5 Dan zullen de Egyptenaars weten, dat Ik de HEERE ben, wanneer Ik Mijn hand over Egypte uitstrekke, en de kinderen Israels uit het midden van hen uitleide.
6 Toen deed Mozes en Aaron, als hun de HEERE geboden had, alzo deden zij.
7 En Mozes was tachtig jaar oud, en Aaron was drie en tachtig jaar oud, toen zij tot Farao spraken.
8 En de HEERE sprak tot Mozes en tot Aaron, zeggende:
9 Wanneer Farao tot ulieden spreken zal, zeggende: Doet een wonderteken voor ulieden; zo zult gij tot Aaron zeggen: Neem uw staf, en werp hem voor Farao's aangezicht neder; hij zal tot een draak worden.
10 Toen ging Mozes en Aaron tot Farao henen in, en deden alzo, gelijk de HEERE geboden had; en Aaron wierp zijn staf neder voor Farao's aangezicht, en voor het aangezicht zijner knechten; en hij werd tot een draak.
11 Farao nu riep ook de wijzen en de guichelaars; en de Egyptische tovenaars deden ook alzo met hun bezweringen.
12 Want een ieder wierp zijn staf neder, en zij werden tot draken; maar Aarons staf verslond hun staven.
13 Doch Farao's hart verstokte, zodat hij naar hen niet hoorde, gelijk de HEERE gesproken had.
14 Toen zeide de HEERE tot Mozes: Farao's hart is zwaar; hij weigert het volk te laten trekken.
15 Ga heen tot Farao in den morgenstond; zie, hij zal uitgaan naar het water toe, zo stel u tegen hem over aan den oever der rivier, en den staf, die in een slang is veranderd geweest, zult gij in uw hand nemen.
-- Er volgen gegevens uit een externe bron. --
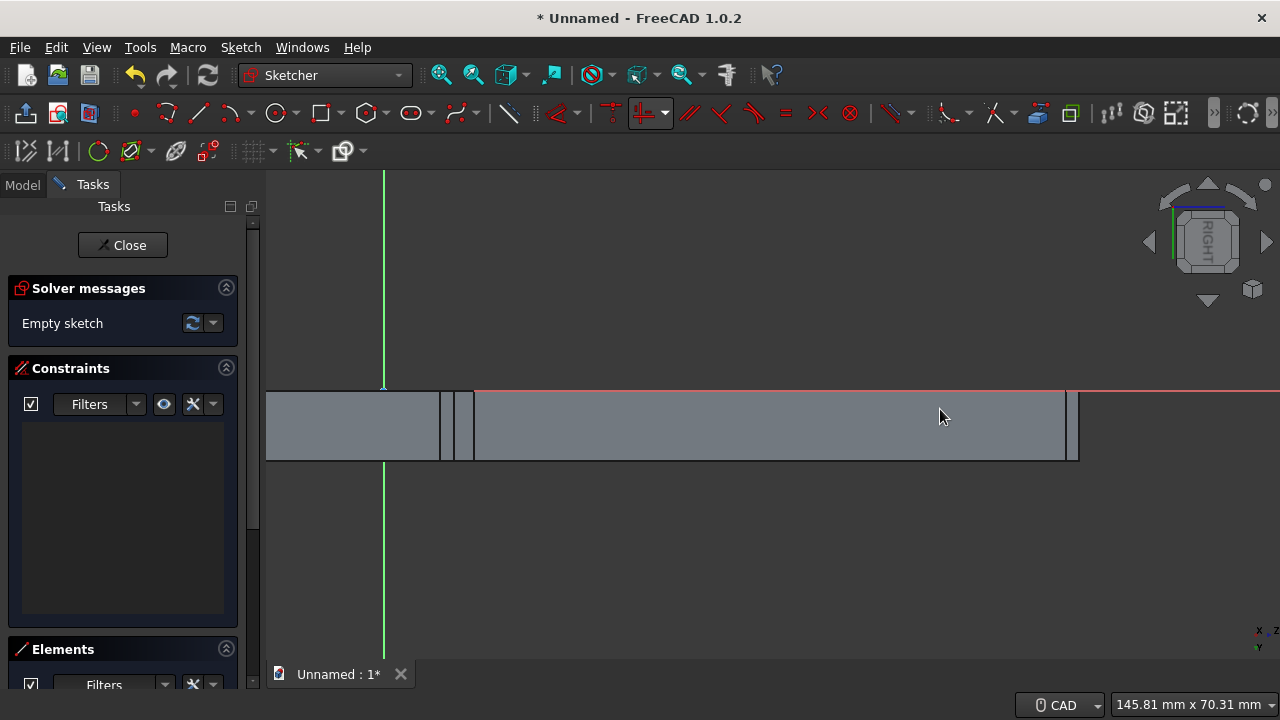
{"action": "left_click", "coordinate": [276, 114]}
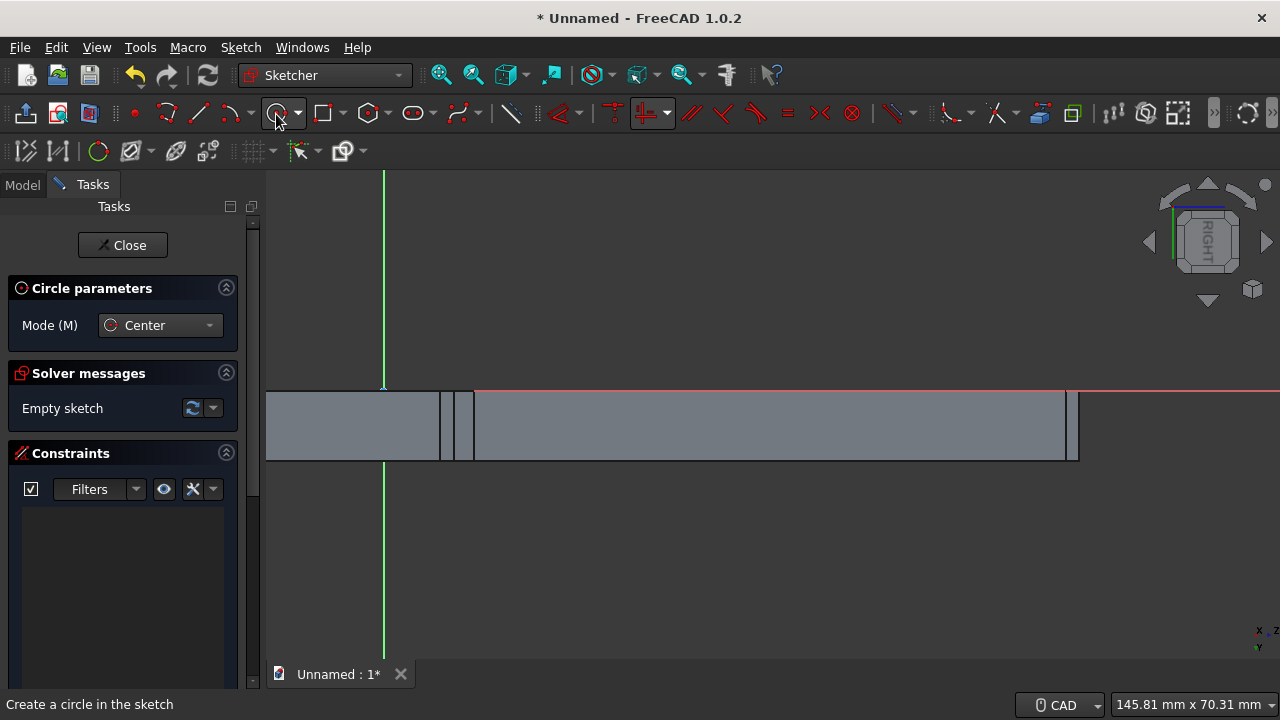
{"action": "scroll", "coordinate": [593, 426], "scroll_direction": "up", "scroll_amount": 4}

16 En gij zult tot hem zeggen: de HEERE, de God der Hebreen, heeft mij tot u gezonden, zeggende: Laat Mijn volk trekken, dat het Mij diene in de woestijn; doch zie, gij hebt tot nu toe niet gehoord.
17 Zo zegt de HEERE: Daaraan zult gij weten, dat Ik de HEERE ben; zie, ik zal met dezen staf, die in mijn hand is, op het water, dat in deze rivier is, slaan, en het zal in bloed veranderd worden.
18 En de vis in de rivier zal sterven, zodat de rivier zal stinken; en de Egyptenaars zullen vermoeid worden, dat zij het water uit de rivier drinken mogen.
19 Verder zeide de HEERE tot Mozes: zeg tot Aaron: Neem uw staf, en steek uw hand uit over de wateren der Egyptenaren, over hun stromen, over hun rivieren, en over hun poelen, en over alle vergadering hunner wateren, dat zij bloed worden; en er zij bloed in het ganse Egypteland, beide in houten en in stenen vaten.
20 Mozes nu en Aaron deden alzo, gelijk de HEERE geboden had; en hij hief den staf op, en sloeg het water, dat in de rivier was, voor de ogen van Farao, en voor de ogen van zijn knechten; en al het water in de rivier werd in bloed veranderd.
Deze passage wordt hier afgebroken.